Stored dataset items =
# # # # #

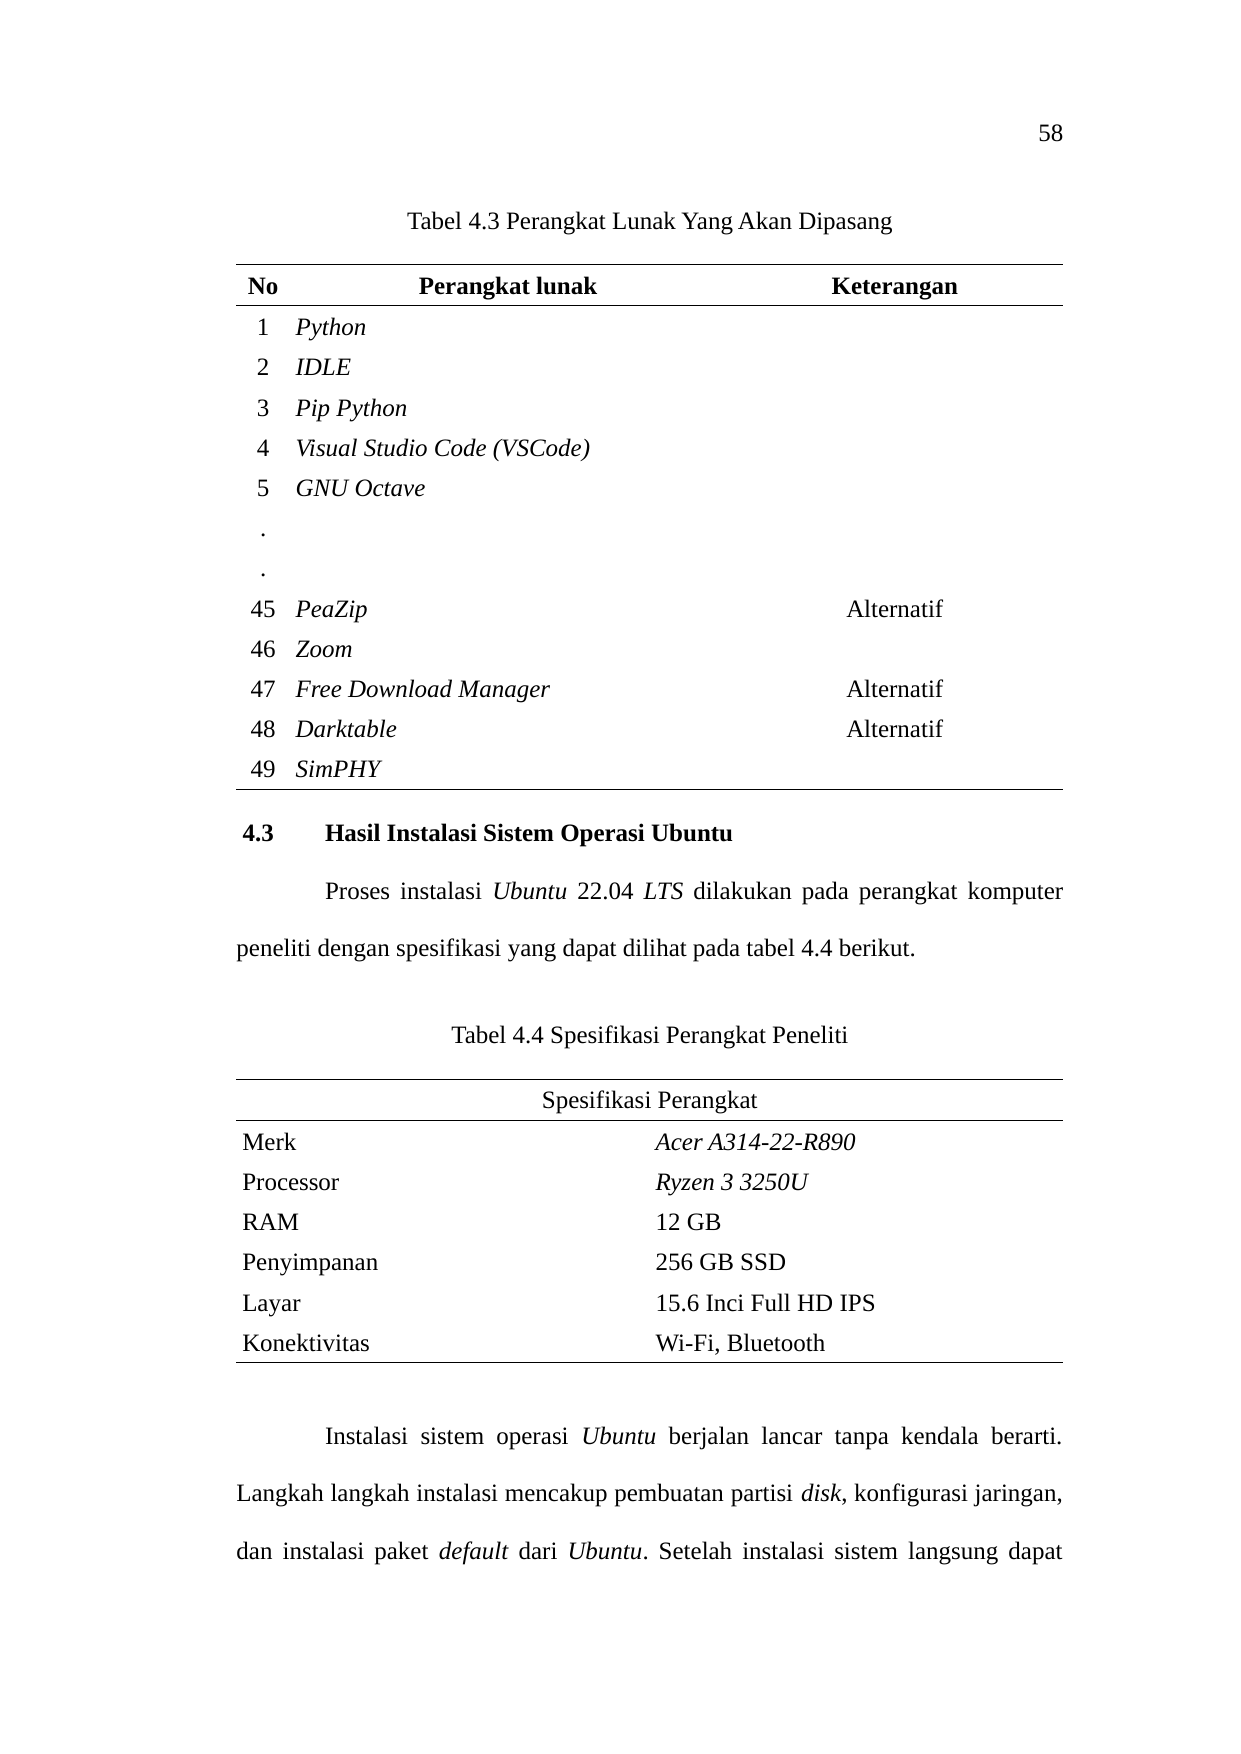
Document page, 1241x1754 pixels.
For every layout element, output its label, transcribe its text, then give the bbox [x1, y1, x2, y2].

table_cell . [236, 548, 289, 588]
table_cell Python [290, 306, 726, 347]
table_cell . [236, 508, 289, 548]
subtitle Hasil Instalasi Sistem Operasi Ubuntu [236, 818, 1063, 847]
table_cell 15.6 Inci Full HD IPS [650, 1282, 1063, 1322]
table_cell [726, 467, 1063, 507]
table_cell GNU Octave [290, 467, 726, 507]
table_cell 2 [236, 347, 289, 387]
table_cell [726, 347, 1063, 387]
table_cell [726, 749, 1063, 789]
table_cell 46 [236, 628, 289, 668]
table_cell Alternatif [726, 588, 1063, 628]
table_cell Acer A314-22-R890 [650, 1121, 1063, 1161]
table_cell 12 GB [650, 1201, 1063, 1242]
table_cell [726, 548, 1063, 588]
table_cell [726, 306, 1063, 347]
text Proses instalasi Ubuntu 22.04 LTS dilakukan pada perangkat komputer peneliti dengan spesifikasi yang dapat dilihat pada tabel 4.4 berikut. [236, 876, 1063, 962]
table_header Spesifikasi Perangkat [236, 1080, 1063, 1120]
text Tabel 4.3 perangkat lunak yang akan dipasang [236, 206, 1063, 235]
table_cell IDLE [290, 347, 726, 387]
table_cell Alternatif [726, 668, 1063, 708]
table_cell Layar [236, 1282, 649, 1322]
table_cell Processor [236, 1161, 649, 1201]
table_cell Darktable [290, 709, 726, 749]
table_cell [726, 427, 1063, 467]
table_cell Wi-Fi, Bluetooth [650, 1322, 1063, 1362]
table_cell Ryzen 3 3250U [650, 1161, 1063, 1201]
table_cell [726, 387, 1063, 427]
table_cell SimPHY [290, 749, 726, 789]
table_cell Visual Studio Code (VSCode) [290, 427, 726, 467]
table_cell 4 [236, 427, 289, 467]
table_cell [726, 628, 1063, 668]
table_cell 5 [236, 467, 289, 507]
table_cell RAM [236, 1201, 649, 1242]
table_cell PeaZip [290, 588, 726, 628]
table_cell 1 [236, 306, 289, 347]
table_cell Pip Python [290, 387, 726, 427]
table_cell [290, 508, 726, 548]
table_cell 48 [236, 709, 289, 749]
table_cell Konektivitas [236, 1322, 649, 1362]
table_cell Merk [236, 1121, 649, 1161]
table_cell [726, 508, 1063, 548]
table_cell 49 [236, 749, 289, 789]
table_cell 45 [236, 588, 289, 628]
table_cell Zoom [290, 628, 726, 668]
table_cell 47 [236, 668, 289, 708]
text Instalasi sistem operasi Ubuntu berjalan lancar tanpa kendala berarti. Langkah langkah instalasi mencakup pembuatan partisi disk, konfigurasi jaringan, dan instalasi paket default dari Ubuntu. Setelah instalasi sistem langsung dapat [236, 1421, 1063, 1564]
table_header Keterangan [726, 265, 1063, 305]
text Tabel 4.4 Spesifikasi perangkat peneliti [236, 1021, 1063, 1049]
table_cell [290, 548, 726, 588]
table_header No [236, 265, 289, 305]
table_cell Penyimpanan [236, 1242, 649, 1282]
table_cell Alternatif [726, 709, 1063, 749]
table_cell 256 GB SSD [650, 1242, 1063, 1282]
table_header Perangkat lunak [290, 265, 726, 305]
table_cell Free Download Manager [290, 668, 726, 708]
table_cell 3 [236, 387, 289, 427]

# # # # #

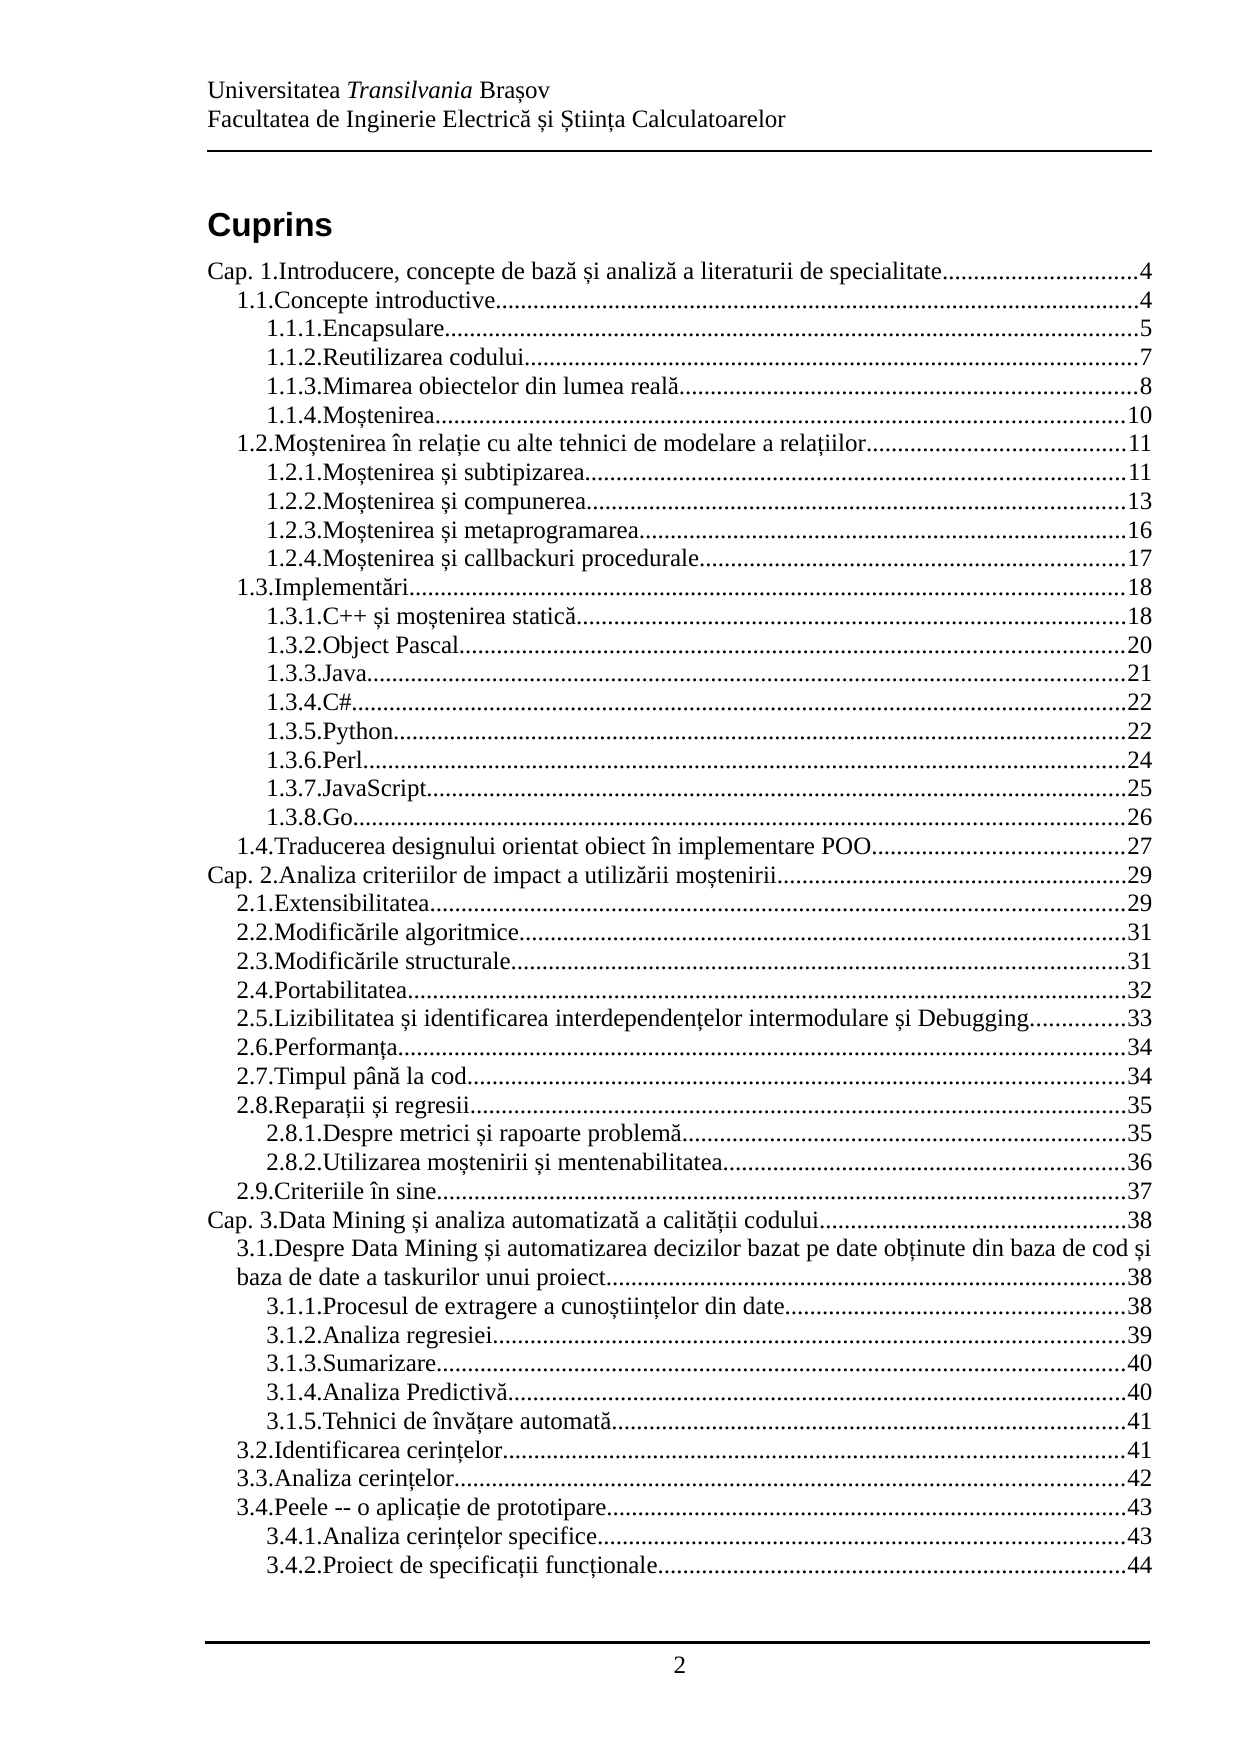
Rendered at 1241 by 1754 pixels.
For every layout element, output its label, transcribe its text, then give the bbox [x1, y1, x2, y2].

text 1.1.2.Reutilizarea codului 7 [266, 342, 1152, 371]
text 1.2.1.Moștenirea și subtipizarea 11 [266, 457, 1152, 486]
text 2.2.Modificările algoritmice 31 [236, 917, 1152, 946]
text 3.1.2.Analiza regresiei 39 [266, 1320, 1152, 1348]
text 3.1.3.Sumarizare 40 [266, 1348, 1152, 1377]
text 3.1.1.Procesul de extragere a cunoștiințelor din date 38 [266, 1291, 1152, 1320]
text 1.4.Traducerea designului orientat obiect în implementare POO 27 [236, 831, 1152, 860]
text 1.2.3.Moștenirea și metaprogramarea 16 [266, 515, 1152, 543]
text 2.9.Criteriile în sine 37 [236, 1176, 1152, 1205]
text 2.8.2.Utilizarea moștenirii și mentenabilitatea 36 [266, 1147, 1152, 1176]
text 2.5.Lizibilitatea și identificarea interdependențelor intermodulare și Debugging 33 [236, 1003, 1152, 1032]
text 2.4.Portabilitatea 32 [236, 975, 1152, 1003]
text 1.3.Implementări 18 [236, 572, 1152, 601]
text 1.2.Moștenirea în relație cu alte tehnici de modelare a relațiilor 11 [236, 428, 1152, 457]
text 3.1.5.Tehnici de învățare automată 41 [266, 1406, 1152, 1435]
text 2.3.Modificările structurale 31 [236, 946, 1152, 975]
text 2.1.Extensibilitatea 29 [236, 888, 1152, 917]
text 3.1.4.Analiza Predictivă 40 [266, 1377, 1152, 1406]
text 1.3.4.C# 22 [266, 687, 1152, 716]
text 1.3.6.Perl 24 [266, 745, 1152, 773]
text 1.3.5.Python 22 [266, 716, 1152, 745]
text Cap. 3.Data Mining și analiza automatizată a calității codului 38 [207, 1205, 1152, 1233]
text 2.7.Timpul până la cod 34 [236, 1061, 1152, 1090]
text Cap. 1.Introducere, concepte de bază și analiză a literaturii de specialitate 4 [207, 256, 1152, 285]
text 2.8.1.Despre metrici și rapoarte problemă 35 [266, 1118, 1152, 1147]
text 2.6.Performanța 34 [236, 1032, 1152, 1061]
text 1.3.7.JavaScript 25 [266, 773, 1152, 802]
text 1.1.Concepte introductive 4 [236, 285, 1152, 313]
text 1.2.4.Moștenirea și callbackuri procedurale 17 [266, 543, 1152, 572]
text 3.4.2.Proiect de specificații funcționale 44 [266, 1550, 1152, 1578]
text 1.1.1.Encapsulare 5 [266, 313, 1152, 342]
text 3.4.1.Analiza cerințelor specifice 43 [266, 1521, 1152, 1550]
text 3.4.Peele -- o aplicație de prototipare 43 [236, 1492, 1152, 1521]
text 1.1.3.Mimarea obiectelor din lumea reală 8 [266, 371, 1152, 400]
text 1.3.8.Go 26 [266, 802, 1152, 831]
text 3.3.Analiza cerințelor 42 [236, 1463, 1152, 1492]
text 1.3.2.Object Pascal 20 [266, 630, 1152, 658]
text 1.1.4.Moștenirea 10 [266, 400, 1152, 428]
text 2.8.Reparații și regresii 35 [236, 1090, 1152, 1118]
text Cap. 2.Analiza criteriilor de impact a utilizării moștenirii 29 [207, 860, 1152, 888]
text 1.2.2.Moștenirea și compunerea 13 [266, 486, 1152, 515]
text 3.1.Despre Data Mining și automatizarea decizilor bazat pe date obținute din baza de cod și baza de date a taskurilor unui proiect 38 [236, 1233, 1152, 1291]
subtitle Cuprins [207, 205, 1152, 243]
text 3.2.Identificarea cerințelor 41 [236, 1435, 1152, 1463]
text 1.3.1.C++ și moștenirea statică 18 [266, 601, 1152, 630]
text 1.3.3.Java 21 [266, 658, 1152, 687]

# # # # #

Work order = Set down, exactly as they appear above, all lines from the one that has "table_cell Merk [236, 1121, 649, 1161]" down to the one that has "table_cell 47 [236, 668, 289, 708]", including those two and no others.

Response to this task =
table_cell Merk [236, 1121, 649, 1161]
table_cell [726, 508, 1063, 548]
table_cell 49 [236, 749, 289, 789]
table_cell 45 [236, 588, 289, 628]
table_cell Zoom [290, 628, 726, 668]
table_cell 47 [236, 668, 289, 708]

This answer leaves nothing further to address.